[Records for this exercise Boundary: Start]

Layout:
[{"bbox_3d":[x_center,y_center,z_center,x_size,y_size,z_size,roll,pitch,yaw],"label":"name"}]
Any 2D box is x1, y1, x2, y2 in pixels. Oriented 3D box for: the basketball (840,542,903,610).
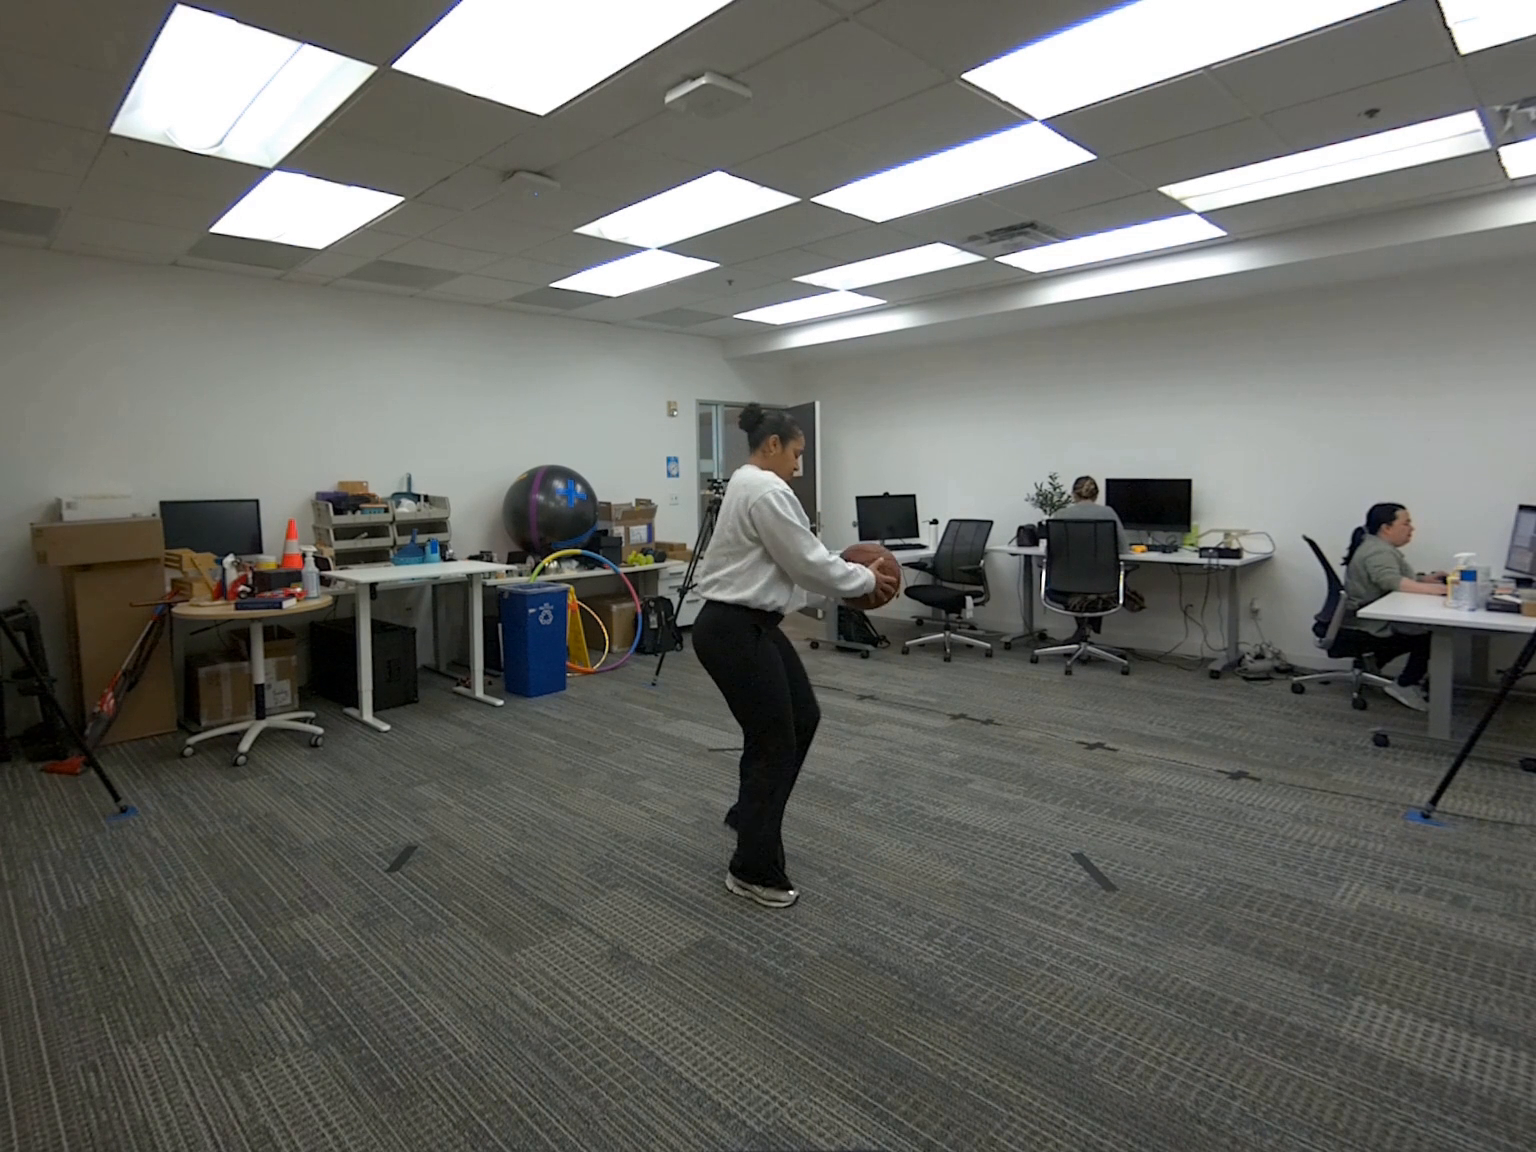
[{"bbox_3d":[0.347,0.015,3.027,0.236,0.235,0.237,-1,5,-2],"label":"basketball"}]
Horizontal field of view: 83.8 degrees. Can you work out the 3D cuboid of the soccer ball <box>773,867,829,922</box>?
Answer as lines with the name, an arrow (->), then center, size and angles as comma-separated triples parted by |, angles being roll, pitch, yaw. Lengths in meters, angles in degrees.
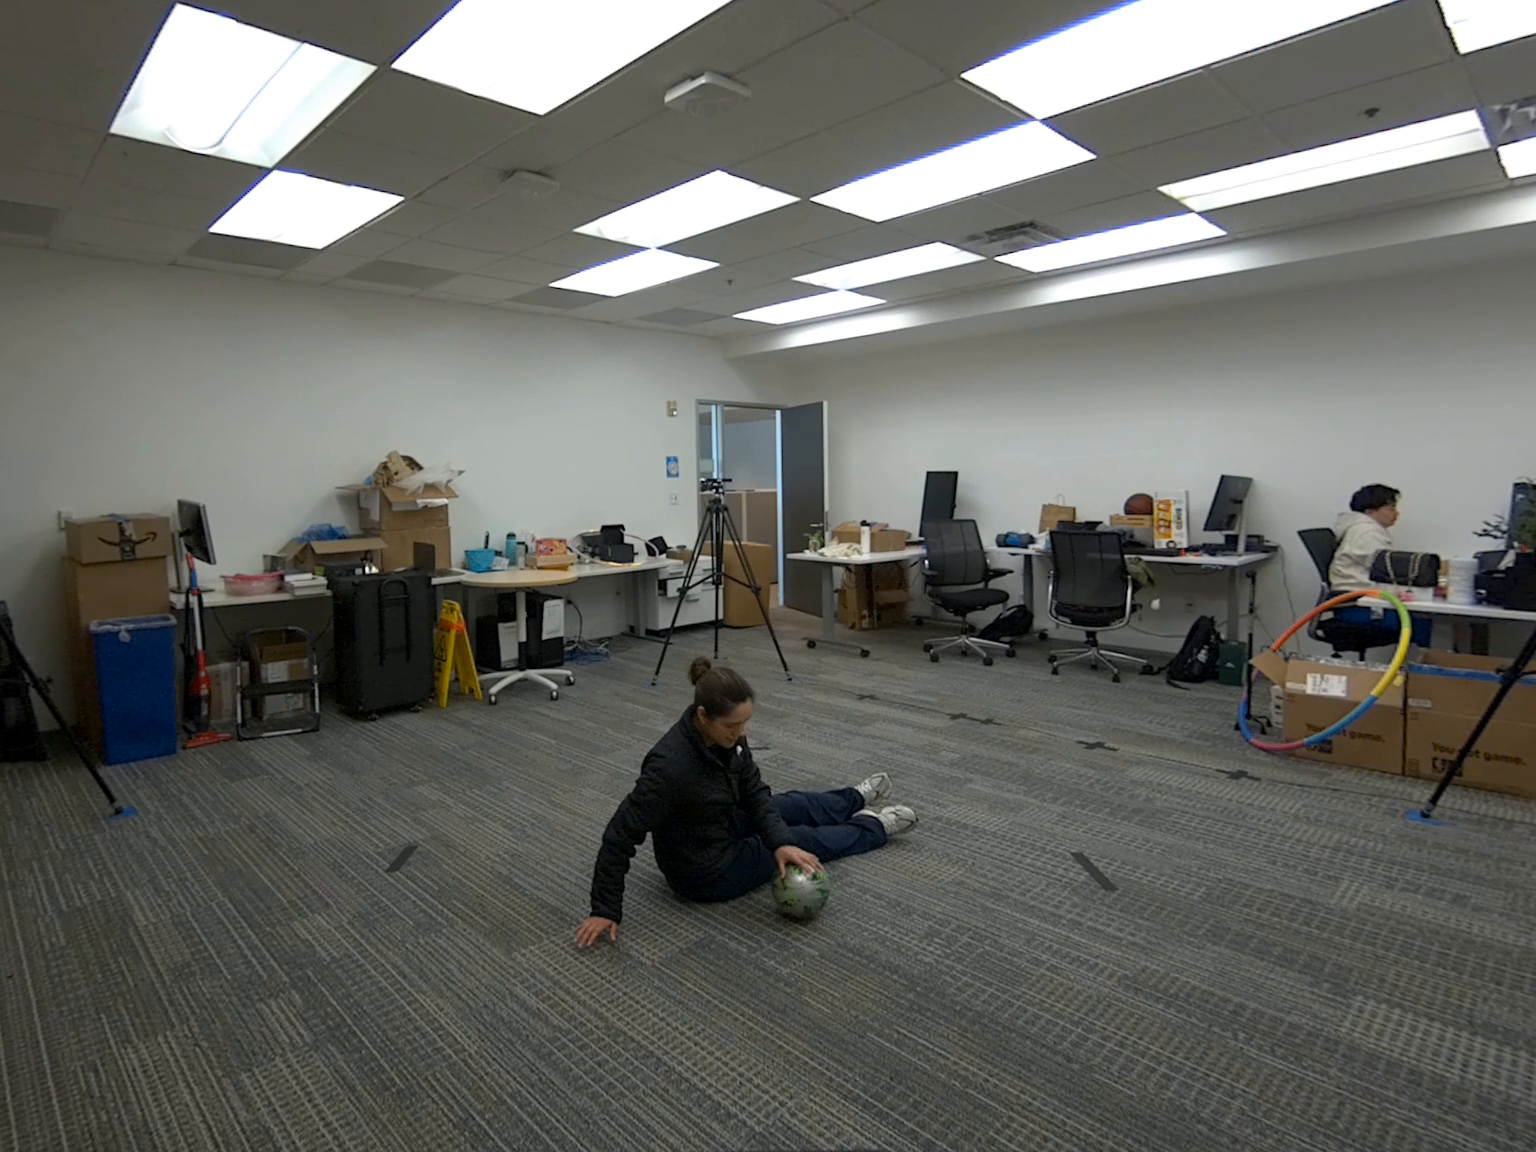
soccer ball -> 0.092, 0.988, 2.723 | 0.187, 0.187, 0.188 | -1, 5, -2
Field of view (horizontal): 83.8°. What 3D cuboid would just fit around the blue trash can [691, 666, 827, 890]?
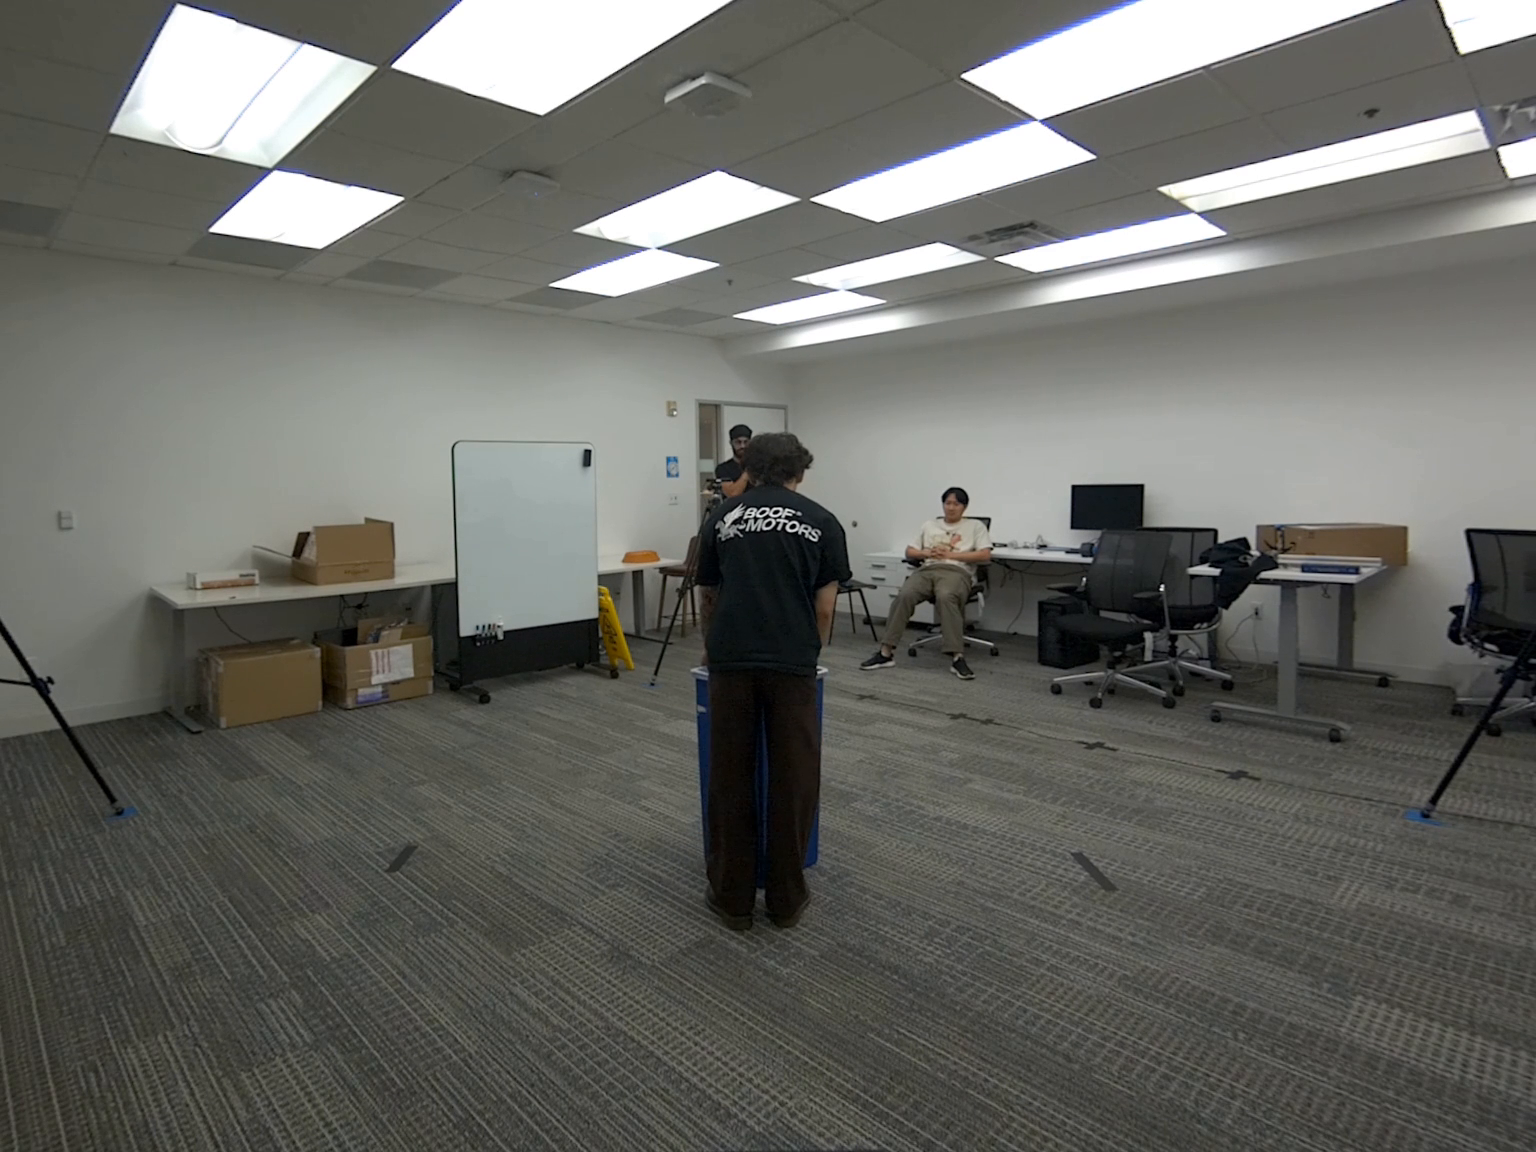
[{"bbox_3d":[-0.017,0.681,3.087,0.385,0.711,0.368,4,6,44],"label":"blue trash can"}]
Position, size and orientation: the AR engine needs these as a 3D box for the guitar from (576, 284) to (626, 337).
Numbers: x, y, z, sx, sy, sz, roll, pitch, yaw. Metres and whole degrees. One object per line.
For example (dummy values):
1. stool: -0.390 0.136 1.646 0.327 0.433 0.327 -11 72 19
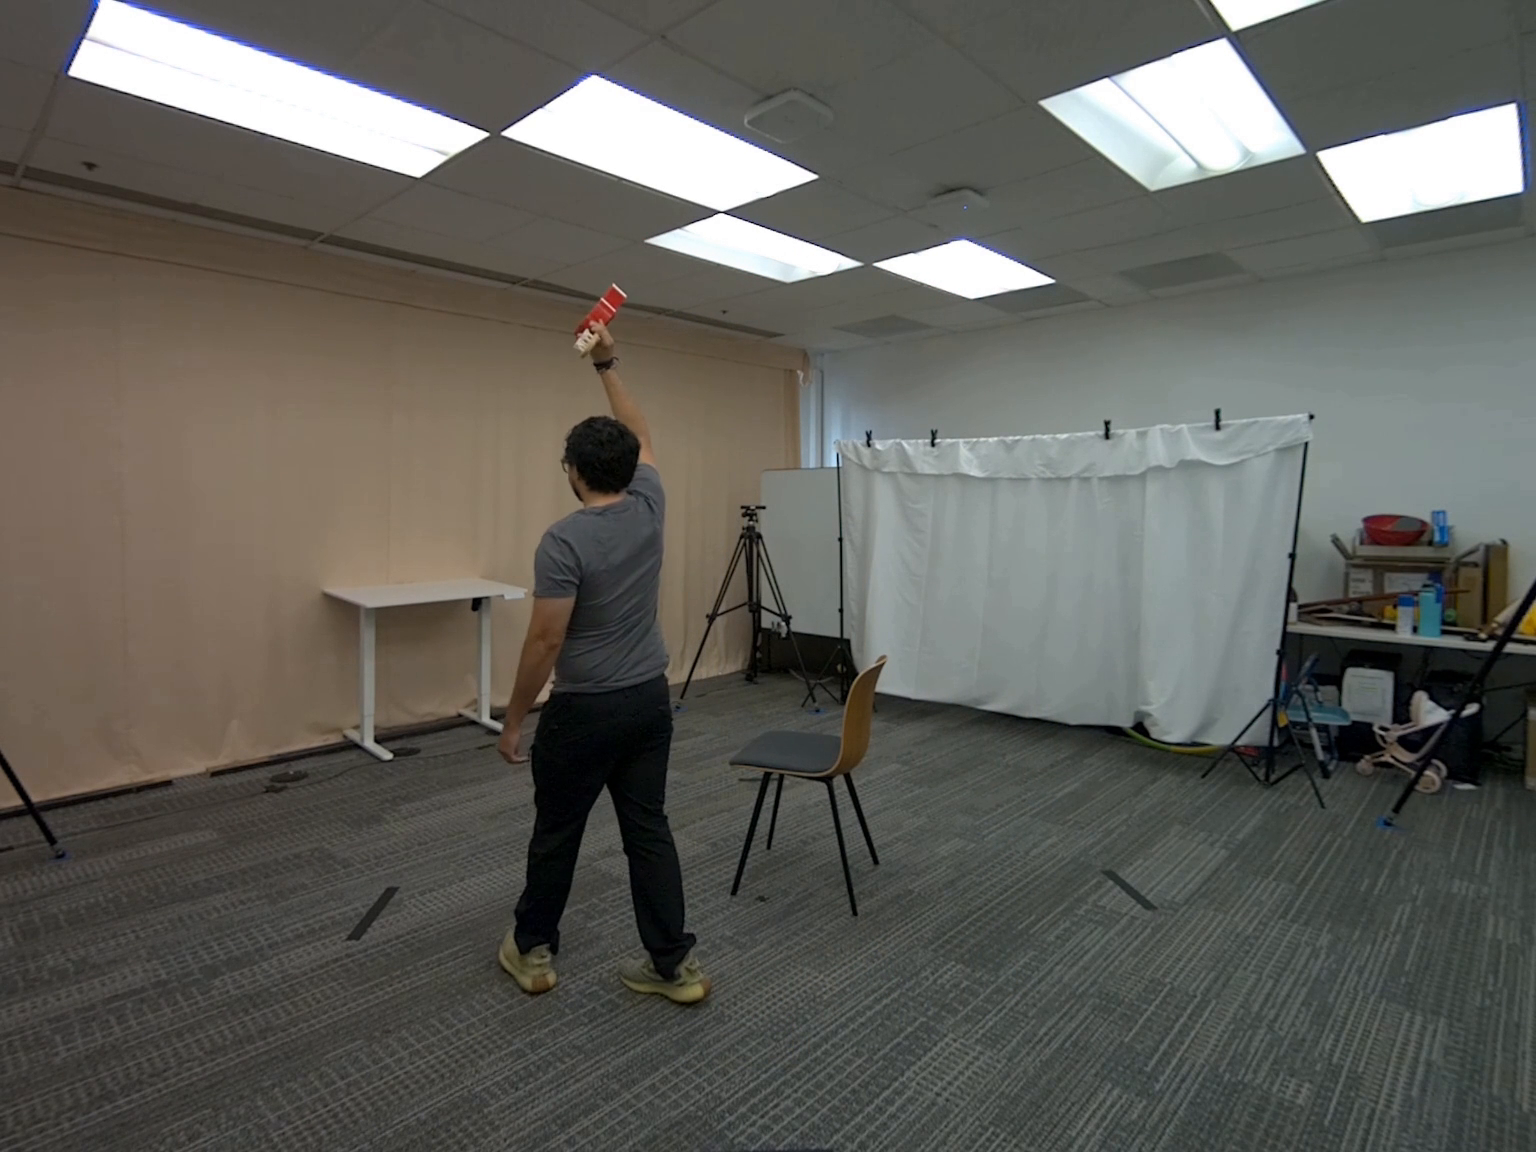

[Records for this exercise Boundary: End]

> [What you need to do] Retype only the lines above from the one with "Field of view (horizontal): 83.8°." through the last, both ends included, keeping every picture out of the copy.

> [Task output]
Field of view (horizontal): 83.8°. What 3D cuboid would just fit around the blue trash can [691, 666, 827, 890]?
[{"bbox_3d":[-0.017,0.681,3.087,0.385,0.711,0.368,4,6,44],"label":"blue trash can"}]
Position, size and orientation: the AR engine needs these as a 3D box for the guitar from (576, 284) to (626, 337).
Numbers: x, y, z, sx, sy, sz, roll, pitch, yaw. Metres and whole degrees. One object per line.
For example (dummy values):
1. stool: -0.390 0.136 1.646 0.327 0.433 0.327 -11 72 19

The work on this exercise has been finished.